Dimanche 11 octobre 2015 - Anniversaire de la Dédicace (28e dimanche de l’année B)

Il n’est de richesses que d’hommes

Sagesse 7,7-11 - Psaume 89,12-17 - 1 Corinthiens 3,9b-11.16-17 (Hébreux 4,12-13) - Marc 10,17-30
dimanche 11 octobre 2015.
 

Ce mot d’un politologue du 16e siècle qui a fait fortune auprès des DRH d’aujourd’hui dérive d’une phrase intéressante à rappeler dans son entièreté : « Or, il ne faut jamais craindre qu’il y ait trop de sujets, trop de citoyens, vu qu’il n’y a richesse ni force que d’hommes » (Jean Bodin). Et nous, en bons bodinistes, ne craignons jamais qu’il y ait trop de paroissiens.
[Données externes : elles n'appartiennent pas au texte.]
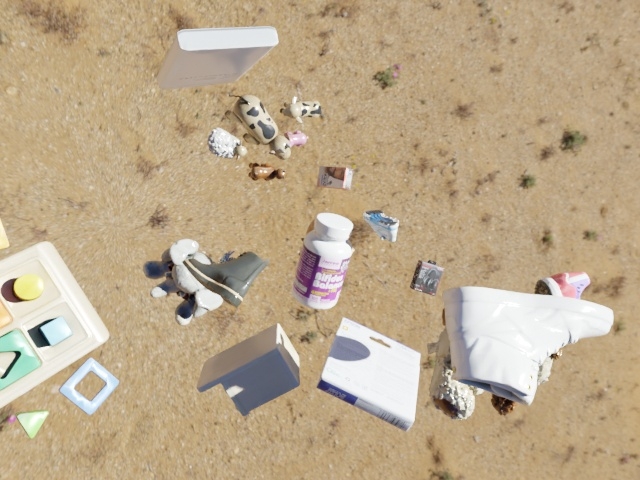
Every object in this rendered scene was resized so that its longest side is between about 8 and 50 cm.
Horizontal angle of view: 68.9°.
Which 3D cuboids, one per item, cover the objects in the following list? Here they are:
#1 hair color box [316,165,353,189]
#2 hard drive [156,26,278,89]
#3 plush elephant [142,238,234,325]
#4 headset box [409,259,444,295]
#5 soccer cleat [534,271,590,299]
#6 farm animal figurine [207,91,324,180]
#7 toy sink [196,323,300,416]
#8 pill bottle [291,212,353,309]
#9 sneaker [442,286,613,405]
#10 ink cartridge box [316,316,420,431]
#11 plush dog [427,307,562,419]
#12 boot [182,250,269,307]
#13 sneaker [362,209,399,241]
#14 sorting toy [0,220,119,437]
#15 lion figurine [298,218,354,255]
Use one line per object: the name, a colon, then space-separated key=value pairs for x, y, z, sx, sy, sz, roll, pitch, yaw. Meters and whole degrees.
hair color box: x=0.062 y=-0.279 z=2.076 sx=0.053 sy=0.167 sz=0.093 roll=7 pitch=92 yaw=-47
hard drive: x=-0.280 y=-0.464 z=1.205 sx=0.232 sy=0.353 sz=0.047 roll=-15 pitch=100 yaw=-25
plush elephant: x=-0.459 y=0.133 z=1.589 sx=0.329 sy=0.255 sz=0.272 roll=-28 pitch=88 yaw=6
headset box: x=0.269 y=0.090 z=1.176 sx=0.062 sy=0.032 sz=0.084 roll=18 pitch=95 yaw=-8
soccer cleat: x=0.642 y=0.181 z=1.276 sx=0.116 sy=0.318 sz=0.109 roll=-19 pitch=57 yaw=4
farm animal figurine: x=-0.150 y=-0.350 z=1.473 sx=0.326 sy=0.172 sz=0.331 roll=30 pitch=87 yaw=-39
toy sink: x=-0.182 y=0.350 z=1.225 sx=0.234 sy=0.153 sz=0.131 roll=-28 pitch=104 yaw=2
pill bottle: x=0.012 y=0.068 z=1.581 sx=0.169 sy=0.169 sz=0.302 roll=3 pitch=117 yaw=-24
sneaker: x=0.333 y=0.174 z=0.740 sx=0.292 sy=0.108 sz=0.169 roll=6 pitch=69 yaw=-9
ink cartridge box: x=0.176 y=0.445 z=1.601 sx=0.323 sy=0.330 sz=0.072 roll=25 pitch=119 yaw=3
plush dog: x=0.369 y=0.244 z=0.980 sx=0.225 sy=0.211 sz=0.263 roll=20 pitch=120 yaw=-6
boot: x=-0.230 y=0.064 z=1.142 sx=0.137 sy=0.197 sz=0.077 roll=-51 pitch=153 yaw=-18
sneaker: x=0.195 y=-0.046 z=1.545 sx=0.071 sy=0.191 sz=0.083 roll=-14 pitch=114 yaw=-15
sorting toy: x=-0.430 y=0.115 z=0.662 sx=0.196 sy=0.047 sz=0.348 roll=-36 pitch=100 yaw=-39
lion figurine: x=0.000 y=0.000 z=1.968 sx=0.142 sy=0.392 sz=0.241 roll=3 pitch=119 yaw=-25
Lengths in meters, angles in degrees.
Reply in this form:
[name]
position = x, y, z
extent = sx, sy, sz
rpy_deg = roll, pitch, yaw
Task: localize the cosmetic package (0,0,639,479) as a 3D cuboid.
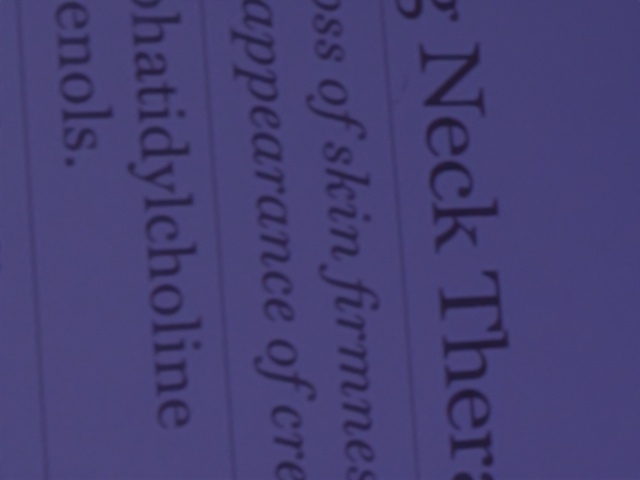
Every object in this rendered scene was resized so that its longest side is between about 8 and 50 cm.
[cosmetic package]
position = 0.000, 0.000, 0.617
extent = 0.327, 0.393, 0.329
rpy_deg = 166, 101, -68

Alors, combien sommes-nous ? Un millier, sans doute. Sans compter le deuxième millier de fidèles venus à une autre messe de ce dimanche, ni les nombreux habitués qui sont ailleurs ce WE. Sans oublier tous ceux qui nous ont précédés dans cette église, depuis l’an 1870. Ils sont vivants pour Dieu, avec nous dans la communion des saints, ainsi que l’immense cohorte des disciples du Seigneur depuis l’origine, Pierre en tête.

Pierre, notre saint Patron, nous l’avons chanté à l’entrée de cette célébration en rappelant son histoire. Fils de Yonas qui le prénomma Simon ; frère d’André, son aîné dans la « carrière », qui l’amena à Jésus ; instruit par Marie-Madeleine, « l’Apôtre des Apôtres », de la résurrection du Seigneur ; aux prises avec Paul et Barnabé pour l’annonce de l’Évangile aux païens ; maître de Marc, selon la tradition, qui aurait recueilli son héritage doctrinal et tenu la plume pour lui. Bref, Pierre ne serait pas Pierre sans les autres.

En effet, nous sommes un corps uni, articulé et hiérarchiquement ordonné. C’est pourquoi l’architecture de cette église bien bâtie dont nous fêtons l’anniversaire de la Dédicace figure efficacement notre réalité. Notez que les chefs du peuple, les Apôtres, sont situés plutôt du côté des fondations de l’église que de la toiture : ils sont censés plutôt supporter les autres fidèles que peser sur eux. Notez encore que l’église n’est pas un temple à la manière païenne, un monument à considérer du dehors, mais une maison à habiter et à faire vivre. Car notre corps ecclésial n’est pas une statue que nous nous plairions à admirer comme dans un miroir - ce serait de l’idolâtrie, cette idolâtrie qui est toujours de soi-même - mais un organisme plein de vitalité et de dynamisme pour la mission que le Seigneur confie à son Église : nous sommes appelés à agir pour sauver l’homme en son nom. Nous sommes porteur du Nom en ce monde. Pour cela, un corps petit mais bien uni et nourri de la Parole vaut mieux qu’une masse de granules indépendants qui s’écroule à la première secousse.

Et Pierre - c’est bien lui, cette fougue ! - de demander : « Qu’y aura-t-il pour nous qui avons tout quitté pour te suivre ? » La réponse du Christ est de promettre tout, mais surtout des richesses d’hommes : frères, sœurs, mères et enfants. Nous comprenons, bien sûr, qu’il s’agit de toute cette famille nouvelle qui nous échoie en partage par le baptême. Mais profitons-nous vraiment de ces richesses-là ?

Par exemple : chaque dimanche de l’année vous pouvez voir le cousin Gontran ou la tante Gertrude. Mais aujourd’hui il nous est proposé de déjeuner avec des frères ou sœurs de la paroisse. Allons-nous répondre à l’invitation ? Saurons-nous au moins nous retrouver tout à l’heure pour le café gourmand au Centre paroissial ? Il s’agit de nouer et de consolider les liens vitaux qui nous unissent dans le Seigneur, rien de moins. Croyons-nous à l’Esprit Saint ?

Croyons-nous, comme le Christ nous l’a dit, que la sève de l’Esprit coule en particulier dans les membres de l’Église lorsqu’ils sont bien unis et articulés dans la charité ? Si cette charité n’est pas d’abord simplement familiarité entre nous, pouvons-nous prétendre l’exercer auprès de ceux du dehors ? Pourquoi nous priver de l’Esprit Saint et rester pauvres d’amour fraternel ? Rendons grâce en vérité pour notre vie d’Église concrète où nous éprouvons que, de riche qu’il était, le Christ Jésus s’est fait pauvre pour nous enrichir de sa pauvreté.

Car il n’est de richesse éternelle que de ce pauvre homme qui est le Fils de Dieu.